Saturday, July 11, 2009

From the Islands to the Mountains in One Evening

Last night's performance at Prickett's Fort State Park was the first presentation of a new program developed with my musician friends Andrea and Odie Parkins. We were after-dinner entertainment for a fundraising event for the Prickett's Fort Memorial Foundation. How did it go? Oh my.

The first sign that it was going to go well was when the organizer let us know she'd had to cut off ticket sales because the seats were filled. The next sign was at our practice sessions when the pieces we'd chosen really began to come together.

I've performed often with other storytellers, and occasionally as a tw0-person tandem presentation, but this was my first experience working with musicians.

There were some interesting discoveries. For example, I come at storytelling from a research perspective. I find or hear a story I like, and go off in search of other versions of the story, usually also researching its background, ethnicity, and relationship to other stories/versions. I have piles and piles of books and tons of online sites on file for reference. I approach ballads in the same way--I want to know how old they are, their history, other versions, etc.

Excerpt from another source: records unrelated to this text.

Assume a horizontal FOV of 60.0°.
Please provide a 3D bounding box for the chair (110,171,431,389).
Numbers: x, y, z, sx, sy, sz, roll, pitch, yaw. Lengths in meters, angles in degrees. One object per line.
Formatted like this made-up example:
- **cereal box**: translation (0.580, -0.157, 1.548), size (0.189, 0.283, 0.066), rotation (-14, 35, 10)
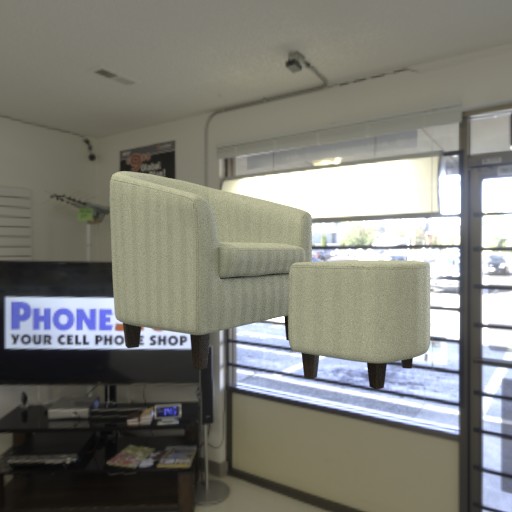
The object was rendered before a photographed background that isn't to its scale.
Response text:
- **chair**: translation (0.000, 0.000, 1.721), size (1.288, 0.757, 0.756), rotation (1, 1, 36)
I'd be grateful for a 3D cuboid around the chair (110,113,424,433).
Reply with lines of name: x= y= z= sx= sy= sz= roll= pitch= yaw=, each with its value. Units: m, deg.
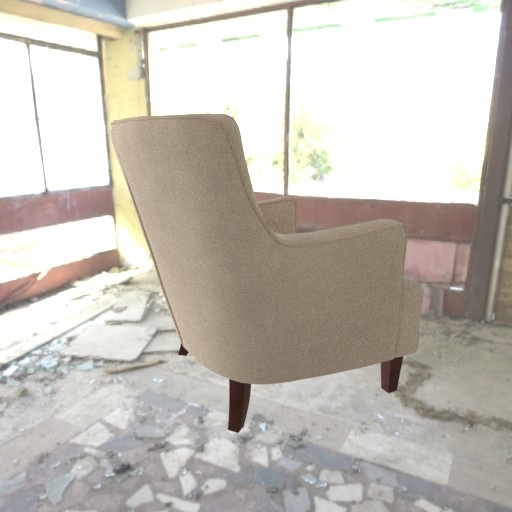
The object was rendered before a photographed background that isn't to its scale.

Andrea comes at music from a different perspective. She wants to know who sang the ballad and when and how they arranged it. She has scores of CDs and other recordings and a thorough knowledge of Irish singers. Me--I don't know the singers or bands at all; I listen to the melody and the story within the ballad. To me, ballads are another way of telling a good story.

So it's an interesting combination. Andrea sings with a beautiful trained voice, while I sing in the traditional unaccompanied Appalachian style, and have had no voice training except as a storyteller.

Our presentation wove together stories and songs that traveled with the immigrants who came from the British Isles to the Appalachian region. There is a wealth of material to work with; the trick was deciding what to use and how to make it work together to create a good flow for the program.

I liked the end product and I can see ways we can build on the base we developed to make a longer program, or to mix and match other ballads and stories to create different versions of the same program. We blended instrumental music with ballads and stories, creating a flow between pieces with transitional comments and a little background information on the material we were presenting. For one story, Odie provided background banjo music and that added another dimension to the telling.

It was a good evening, and I think I enjoyed it as much as the audience. Normally when performing I'm "on" for the entire set. Being able to sit back and enjoy the performances of my friends was an unexpected bonus.

Now it's off to Tygart Lake State Park for more storytelling; tonight's program is an Appalachian theme. Have I ever mentioned how much I love this work?

6 comments:

DGranna said...

I would travel a long way to see/hear this program. Tell us when you are scheduled next.

Cathy said...

It sounds wonderful and how could you not enjoy it?

Susan at Stony River said...

That sounds like SUCH an evening! We're planning on joining you some story-evening soon---and also learning how to use this new cell phone. *sigh*

Can't wait!

Country Whispers said...

This sounds like so much fun. I love to read & listen to old Appalachian tales and ballads.

Granny Sue said...

I will certainly post when we're scheduled again. right now, we don't have anything booked, but I'm hopeful, DGranna.

Granny Sue said...

Susan, if you go to Grafton be sure to stop at the 1-2-3 Coffee Shop. Good coffee and a neat old town (needs more TLC and $$$ but it's beginning to get its breath again). MK Stover, the owner, is also a writer. You can visit her blog at www.mkstover.com.